Marie, who was 11 in 1940, said: “When we went back to Lanark we discovered a memorial devoted to the Smyllum children and we learned of all the terrible things that happened. It’s very sad.”
“Nuns told mum her sister was too beautiful to live”
Rebecca Conway, 14, Died March 30, 1943
IT was only when Angela McFarlane was pregnant with her son in 1983 that her mum Jeanie started opening up to her about her time at Smyllum Park.
One of eight children sent to the home in the 1930s, she told Angela that, after leaving to join the Navy in World War Two, she returned to Smyllum after her sister Rebecca died there.
Angela, 54, from Tranent, said: “My mum told me she was taken into a room where she was told her sister was dead and shown the body. She was covered up to her neck and the nuns said Rebecca had died because she was too beautiful to live.”
It was actually bronchopneumonia which claimed her at 14.
“I was always under the impression my aunt had died at a much younger age so to find out she was 14 is quite upsetting.
“To think she’s buried in an unmarked grave is very unsettling, too.
“I’d like to see her death acknowledged. I’ll be taking a trip out to the cemetery when I can to pay my respects to my aunt.”
“This should not be flung under the carpet”
Sammy Carr, six, Died June 12, 1964
For over 50 years, Sammy Carr’s family believed he died at Smyllum of a brain
tumour. His sister Ann Marie Carr, now 64, said nuns told her he’d fallen ill after playing with a dead rat.

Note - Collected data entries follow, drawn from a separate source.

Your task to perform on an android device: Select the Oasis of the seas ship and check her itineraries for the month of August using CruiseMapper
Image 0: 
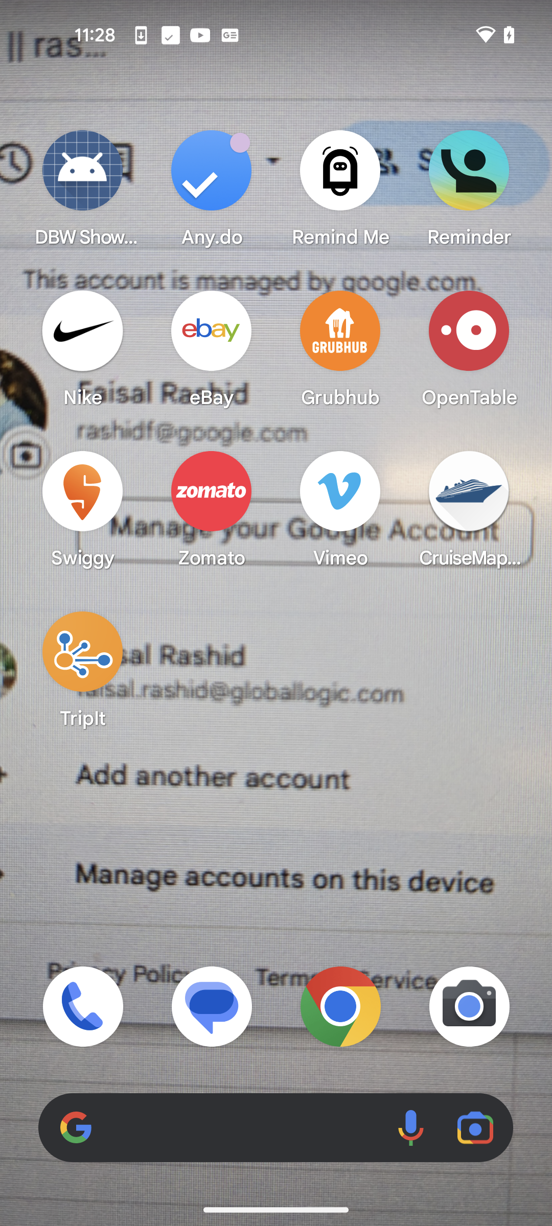
Open the CruiseMapper app
Step 0: open app "CruiseMapper"
Image 1: 
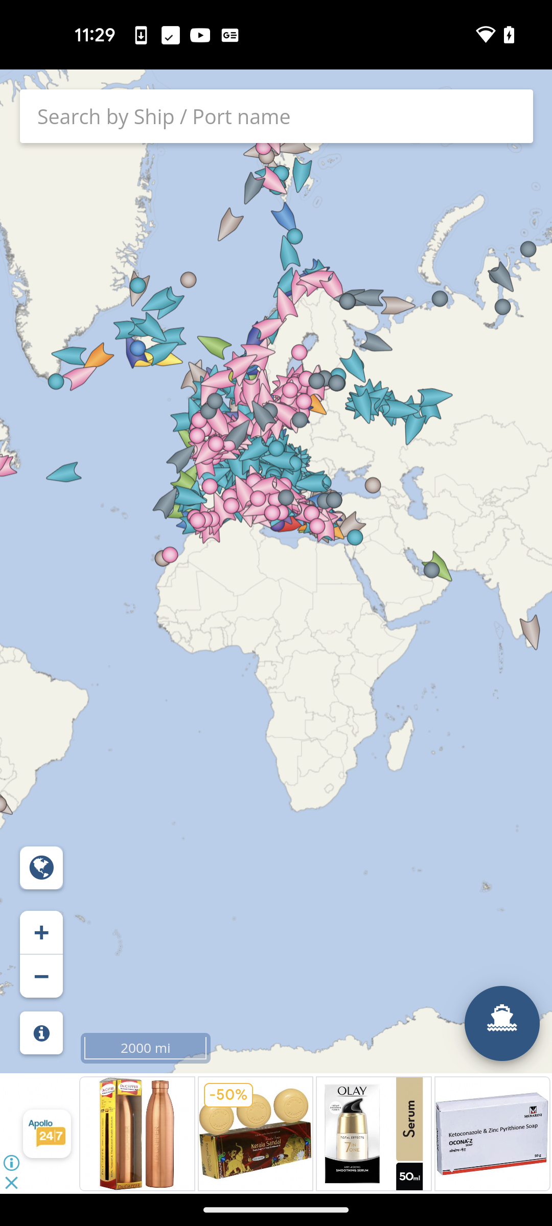
Click on the search bar
Step 1: click (275, 109)
Image 4: 
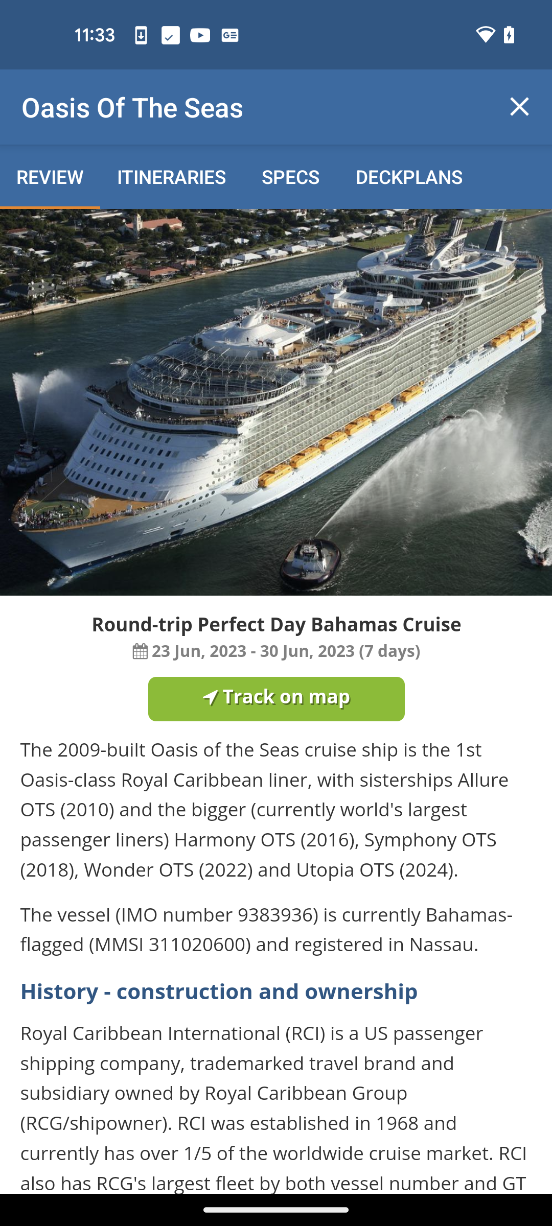
Click on the Itineraries button
Step 4: click (171, 176)
Image 5: 
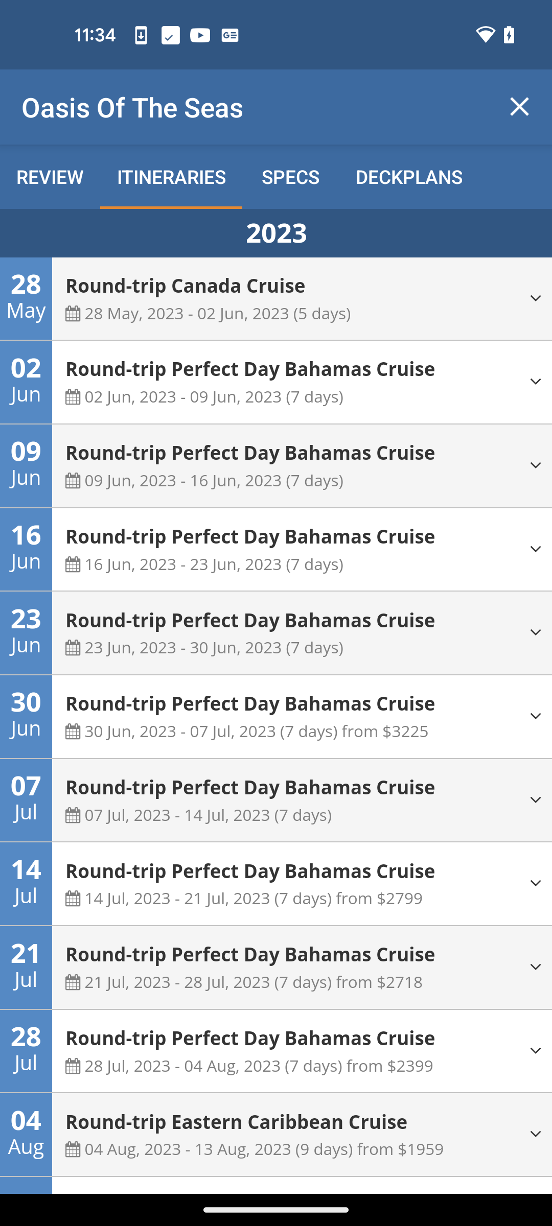
Scroll down to view the itineraries for the month of august
Step 5: scroll down
Image 6: 
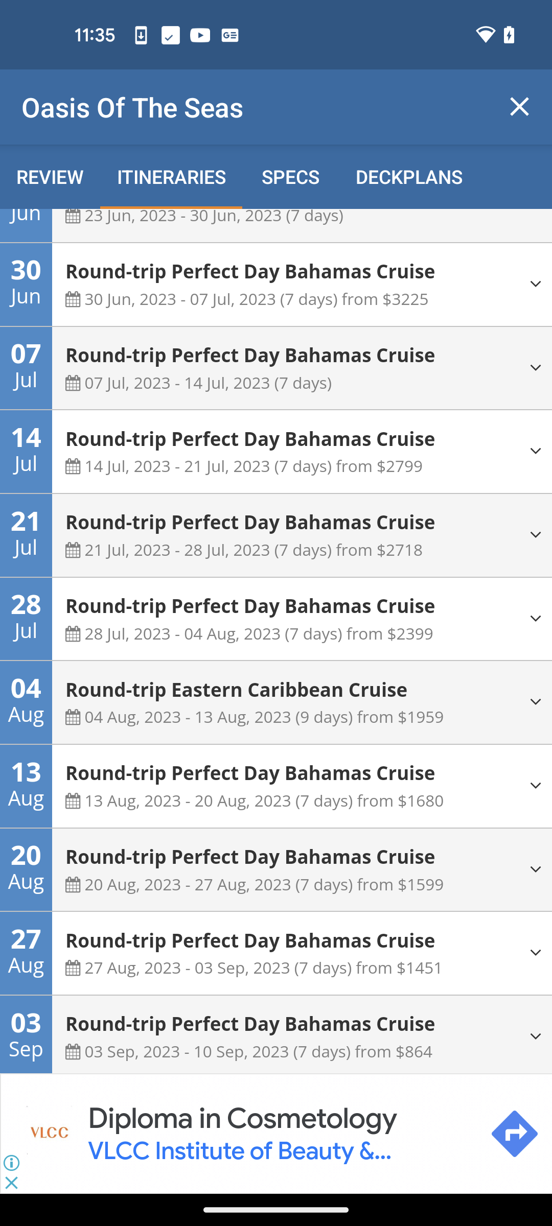
Scroll down to view the itineraries for the month of august
Step 6: scroll down
Image 7: 
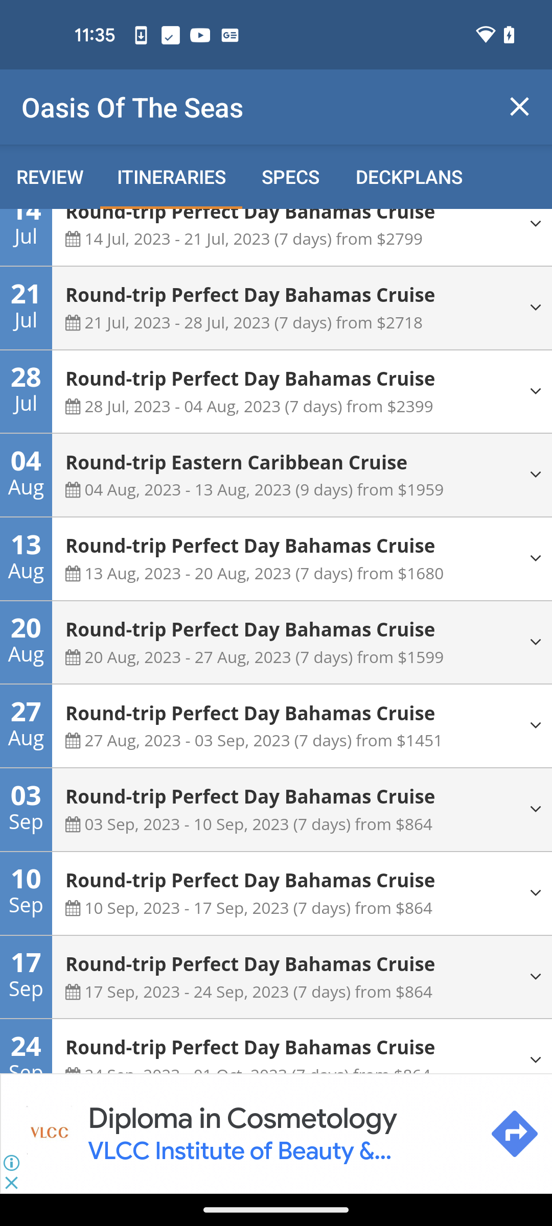
Scroll down to view the itineraries for the month of august
Step 7: wait

But in 2015, a former resident claimed to have seen a nun attacking Sammy, right, before his death. He alleged: “Sammy was on the floor curled up in a ball and she was just kicking into him, kicking into his back, into his head.”
At the time, Ann Marie appealed for other residents to come forward, adding: “I don’t want to think this boy said this and we’re flinging it under the carpet. It could be true.”

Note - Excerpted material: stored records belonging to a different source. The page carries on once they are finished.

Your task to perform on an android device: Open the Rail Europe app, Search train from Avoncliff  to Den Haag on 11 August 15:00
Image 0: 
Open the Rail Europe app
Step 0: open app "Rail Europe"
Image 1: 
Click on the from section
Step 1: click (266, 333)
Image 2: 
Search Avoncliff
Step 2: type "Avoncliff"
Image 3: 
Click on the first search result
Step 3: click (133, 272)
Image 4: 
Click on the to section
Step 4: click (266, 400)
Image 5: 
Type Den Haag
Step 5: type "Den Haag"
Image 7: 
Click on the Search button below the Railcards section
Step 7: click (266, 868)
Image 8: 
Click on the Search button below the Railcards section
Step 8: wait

Sammy’s death certificate records him as having died from a brain haemorrhage. Police dropped a probe into the claims, saying they could find no evidence of criminality.

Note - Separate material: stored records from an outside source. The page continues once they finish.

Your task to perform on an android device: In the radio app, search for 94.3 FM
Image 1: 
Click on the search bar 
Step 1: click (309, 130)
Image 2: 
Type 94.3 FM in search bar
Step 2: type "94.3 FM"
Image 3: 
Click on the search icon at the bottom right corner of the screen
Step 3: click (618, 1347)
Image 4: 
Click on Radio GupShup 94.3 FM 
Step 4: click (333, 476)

“It’s like David never existed. That’s not right”
David Carberry, four, Died July 1, 1955
Janice Carberry, 55, did not know her big brother died aged just four. She did not know where he was buried.
The care worker, who works with disabled children, only knew of an older brother called David who had passed away before she was born.
One of 16 siblings born to dad James and his wife Jean, David was put into Smyllum Park in the early 1950s alongside five other brothers.
His parents had struggled to cope in Glasgow in the aftermath of the Second World War.
Janice said: “Nowadays, I’m sure my dad would have been diagnosed with post traumatic stress disorder.
“Something happened to him during the war and it had an impact on the family. We were a poor family but quite happy. They began having kids at a very young age.
“I think there was a period of homelessness before I was born. The girls were given to relatives and the boys were sent to Smyllum.”
Tragically, David – who was described as a “sickly boy” before he went to Smyllum – would die on July 1, 1955, from bronchopneumonia at the age of four.
Janice said: “It’s very sad to learn David died at such an early age and he has been forgotten about.
“It’s like he didn’t exist and that isn’t right.”